Source data:

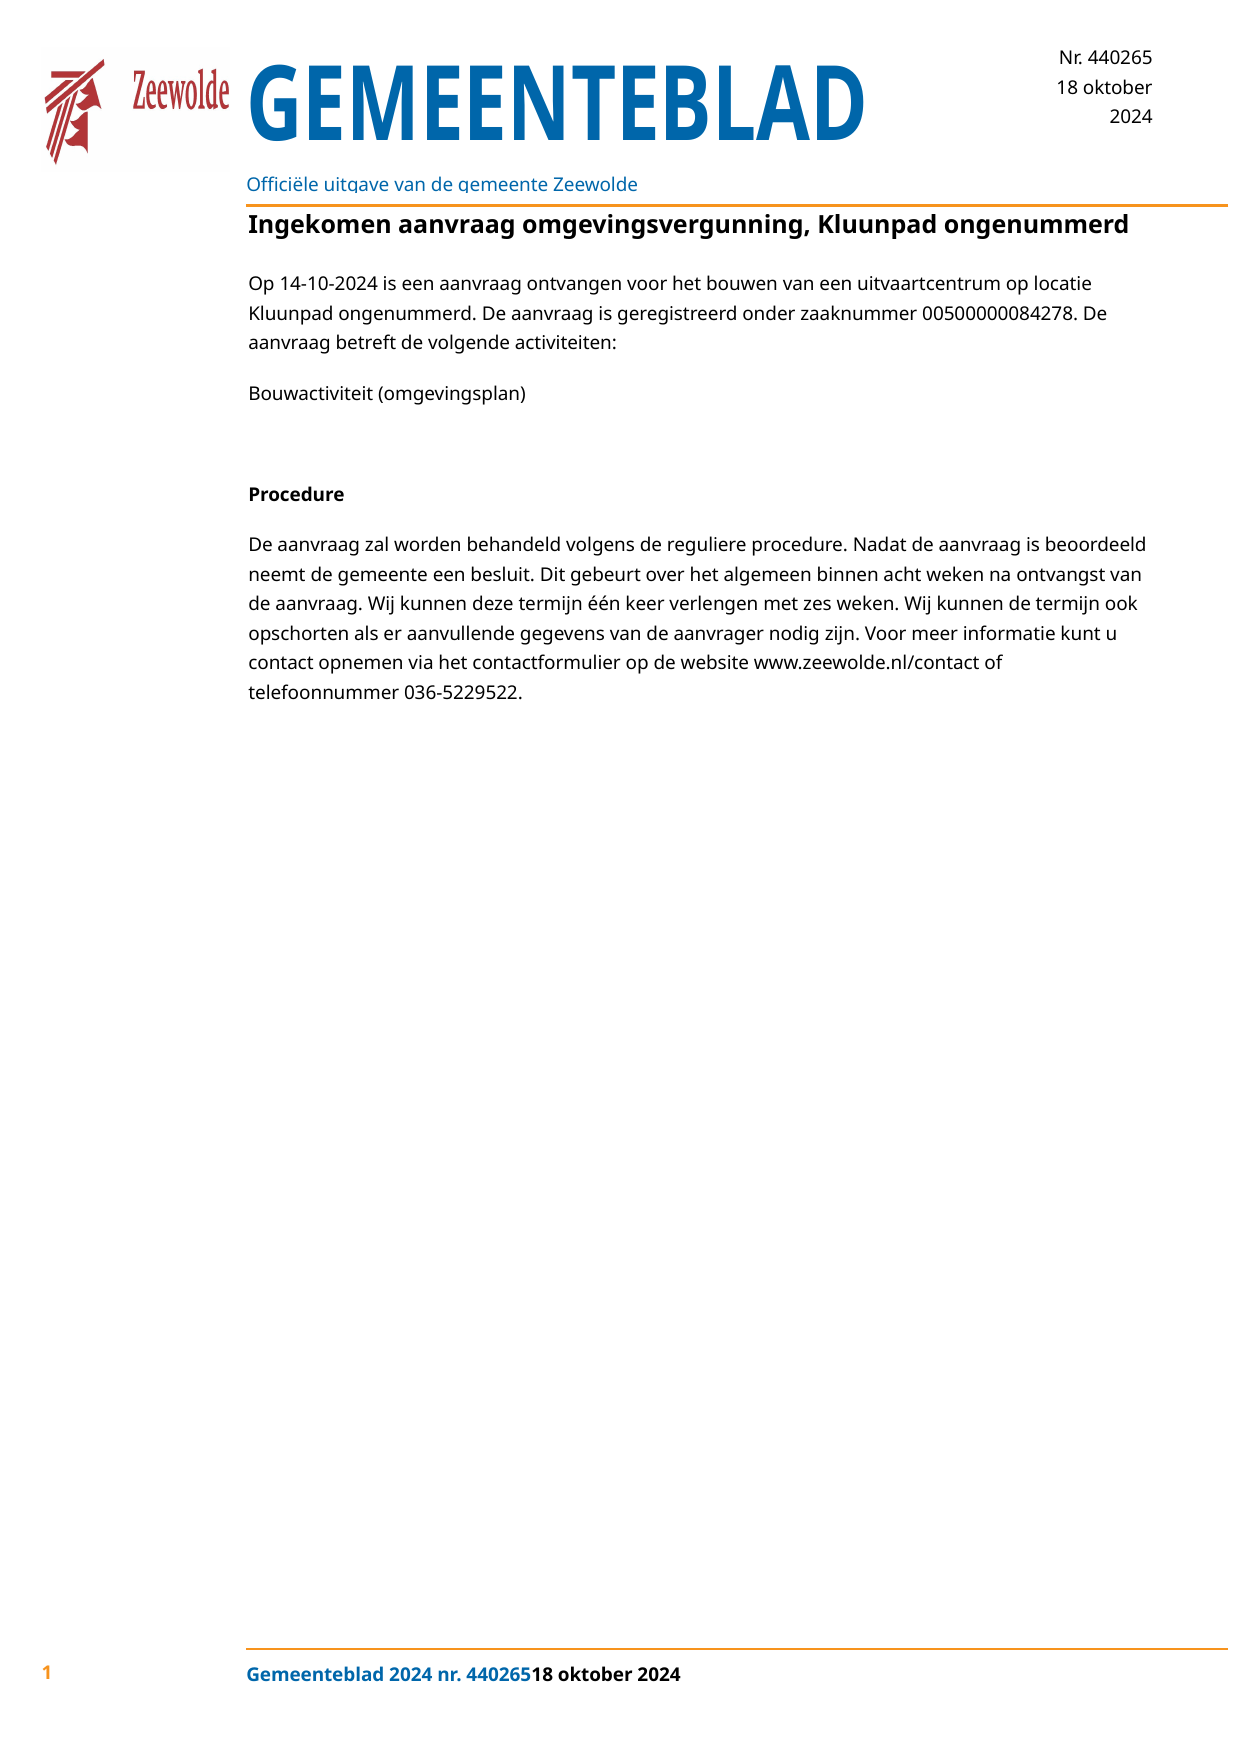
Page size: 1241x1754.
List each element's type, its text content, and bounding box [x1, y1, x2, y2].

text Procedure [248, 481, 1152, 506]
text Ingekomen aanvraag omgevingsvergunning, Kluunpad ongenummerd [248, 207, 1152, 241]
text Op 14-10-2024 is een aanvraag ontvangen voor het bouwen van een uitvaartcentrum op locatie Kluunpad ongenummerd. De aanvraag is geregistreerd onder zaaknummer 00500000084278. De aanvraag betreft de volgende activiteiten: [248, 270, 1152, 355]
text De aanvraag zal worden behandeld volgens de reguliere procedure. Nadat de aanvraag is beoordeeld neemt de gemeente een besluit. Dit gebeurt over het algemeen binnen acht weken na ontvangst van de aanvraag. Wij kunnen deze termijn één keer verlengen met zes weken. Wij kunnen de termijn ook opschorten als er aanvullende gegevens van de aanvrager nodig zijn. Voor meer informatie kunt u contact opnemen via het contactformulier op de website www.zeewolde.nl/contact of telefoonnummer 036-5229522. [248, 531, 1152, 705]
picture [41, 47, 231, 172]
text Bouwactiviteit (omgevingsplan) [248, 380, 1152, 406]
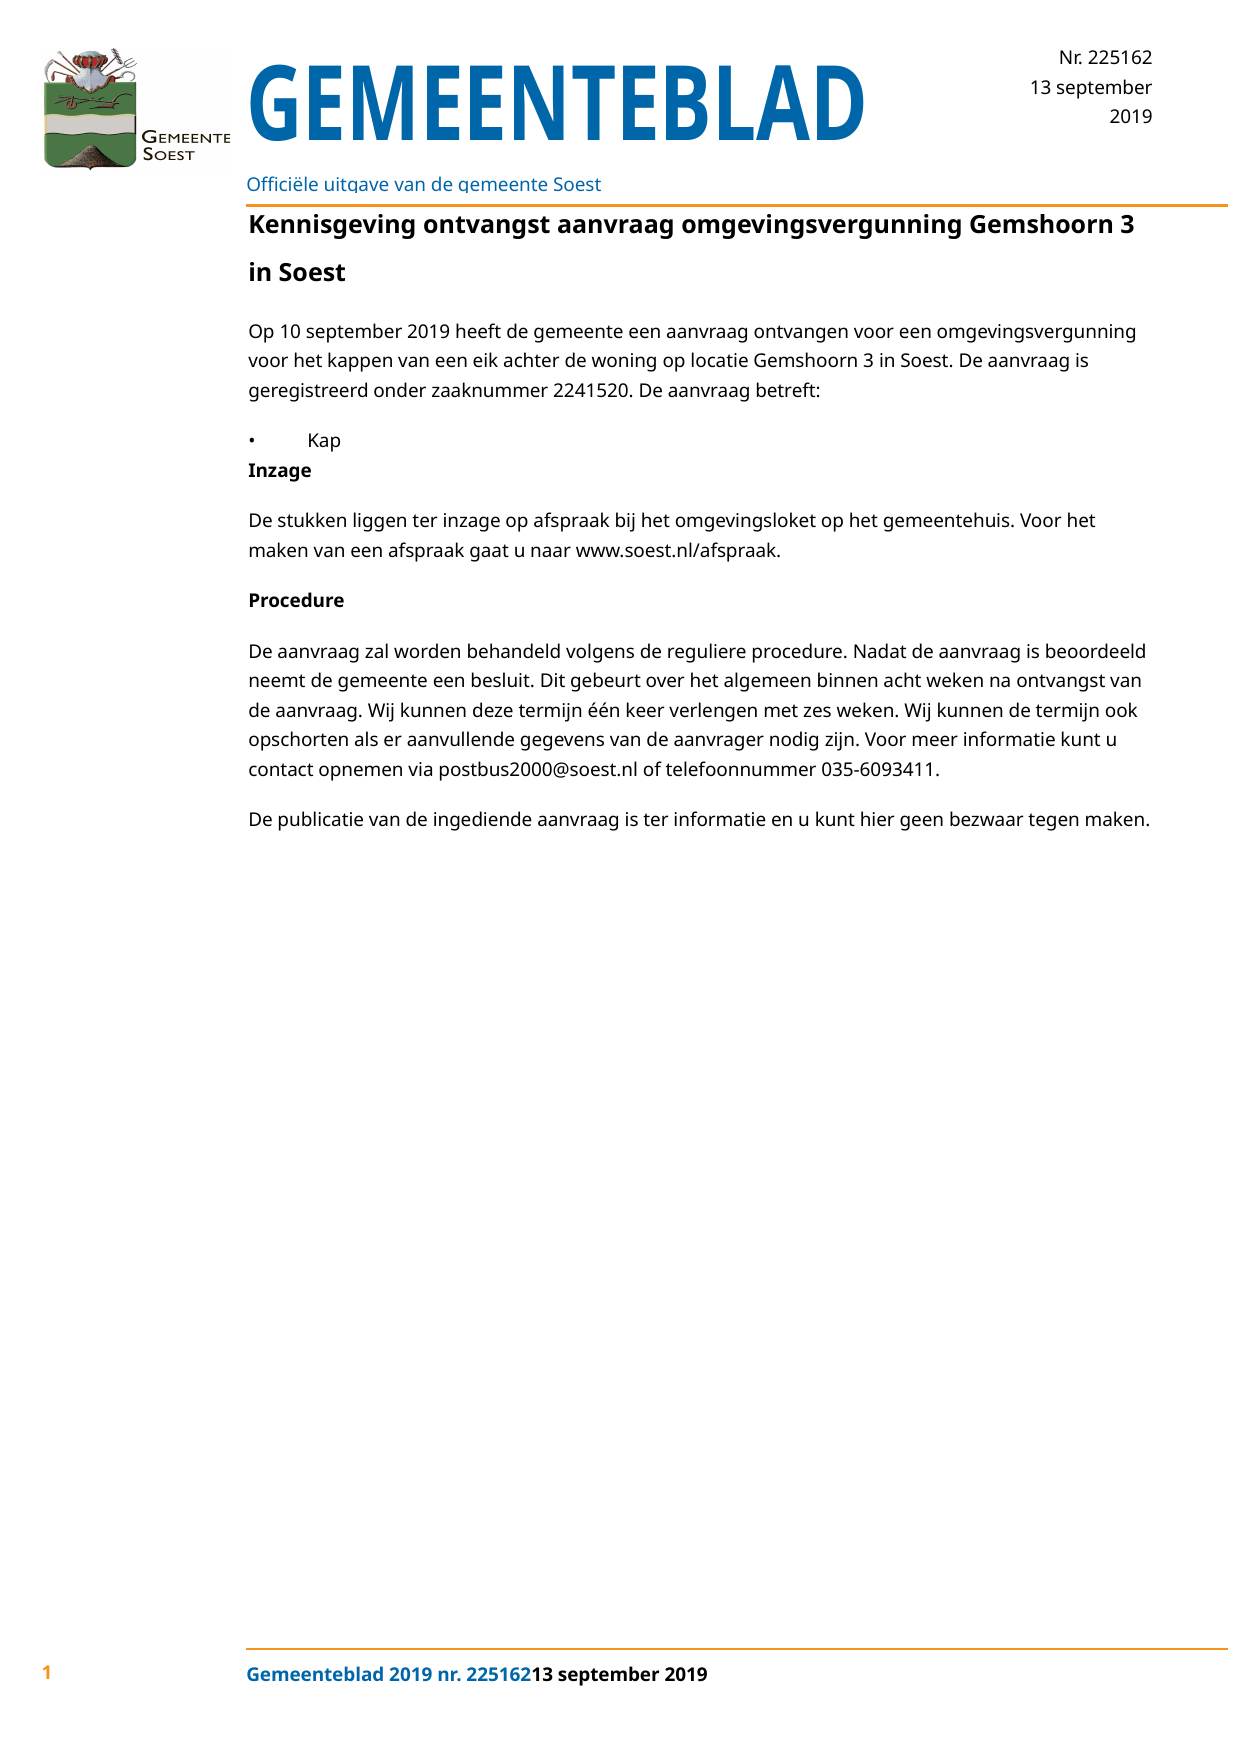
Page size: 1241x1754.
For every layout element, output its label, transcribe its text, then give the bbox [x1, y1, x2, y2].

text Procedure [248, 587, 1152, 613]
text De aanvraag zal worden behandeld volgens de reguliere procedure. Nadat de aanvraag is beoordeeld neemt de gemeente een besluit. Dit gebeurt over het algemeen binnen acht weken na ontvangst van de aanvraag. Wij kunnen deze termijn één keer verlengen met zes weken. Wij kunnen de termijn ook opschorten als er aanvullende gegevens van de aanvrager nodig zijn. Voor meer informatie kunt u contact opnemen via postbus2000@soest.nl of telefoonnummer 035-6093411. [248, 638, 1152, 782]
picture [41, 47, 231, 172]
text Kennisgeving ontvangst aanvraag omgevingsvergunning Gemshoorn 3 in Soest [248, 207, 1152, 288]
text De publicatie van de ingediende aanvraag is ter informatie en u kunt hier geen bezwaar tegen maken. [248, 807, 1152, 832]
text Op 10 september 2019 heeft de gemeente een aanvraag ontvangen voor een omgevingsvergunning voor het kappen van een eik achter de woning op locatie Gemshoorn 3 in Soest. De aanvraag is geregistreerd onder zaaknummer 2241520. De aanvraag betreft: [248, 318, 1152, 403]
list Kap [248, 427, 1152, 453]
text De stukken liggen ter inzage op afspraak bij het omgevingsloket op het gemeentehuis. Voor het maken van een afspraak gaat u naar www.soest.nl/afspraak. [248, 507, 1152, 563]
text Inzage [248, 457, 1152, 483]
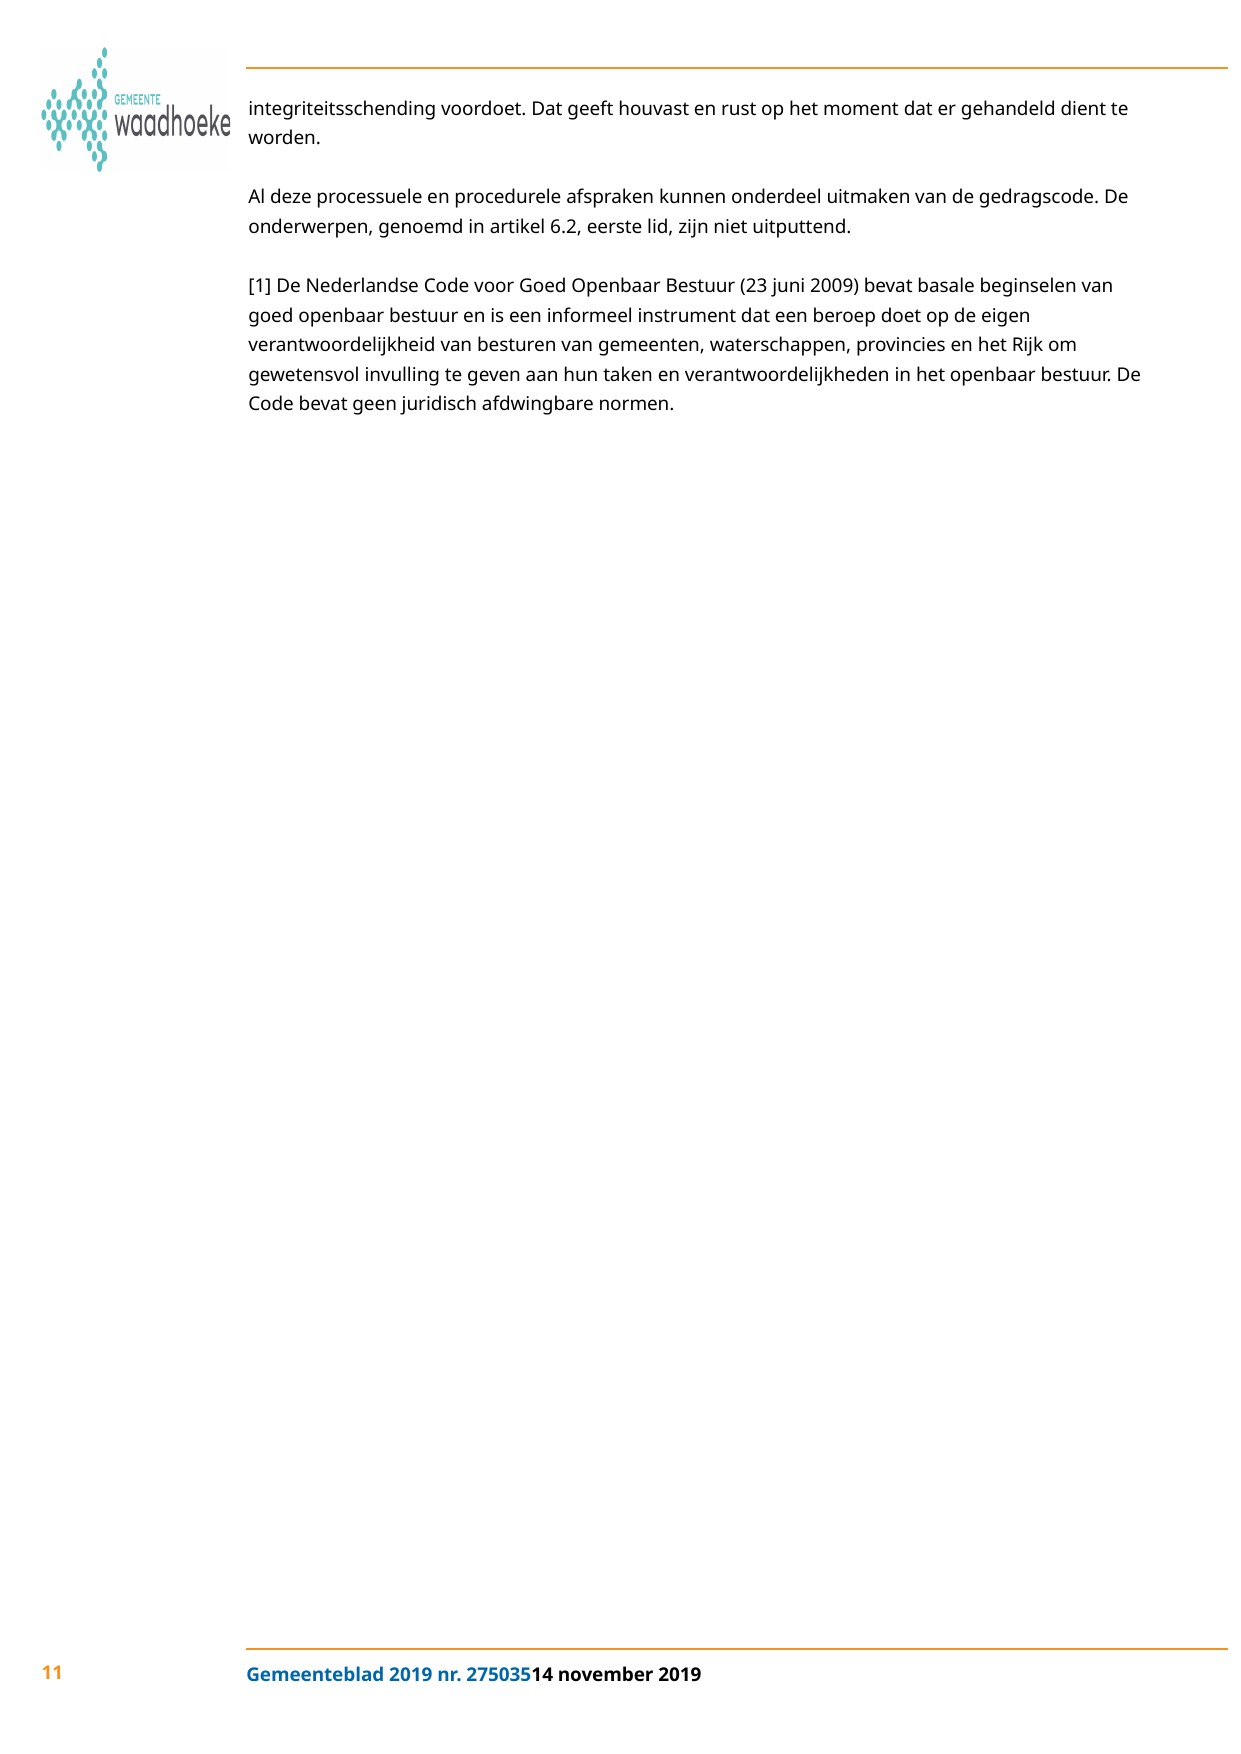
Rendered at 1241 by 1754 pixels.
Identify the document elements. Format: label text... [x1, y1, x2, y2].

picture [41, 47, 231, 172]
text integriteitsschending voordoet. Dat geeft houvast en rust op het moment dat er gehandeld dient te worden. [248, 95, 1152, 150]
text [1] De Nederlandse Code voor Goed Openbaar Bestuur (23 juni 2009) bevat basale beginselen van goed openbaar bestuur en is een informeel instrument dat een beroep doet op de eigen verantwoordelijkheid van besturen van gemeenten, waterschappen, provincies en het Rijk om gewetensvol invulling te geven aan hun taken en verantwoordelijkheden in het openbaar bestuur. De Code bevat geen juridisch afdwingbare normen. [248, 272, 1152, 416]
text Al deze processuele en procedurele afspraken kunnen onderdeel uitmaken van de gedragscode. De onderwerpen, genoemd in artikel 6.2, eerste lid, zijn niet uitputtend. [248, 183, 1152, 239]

*Instructions to follow*
Only a number is expected here: how many lines of the records above contain "nodig".

*Written response*
2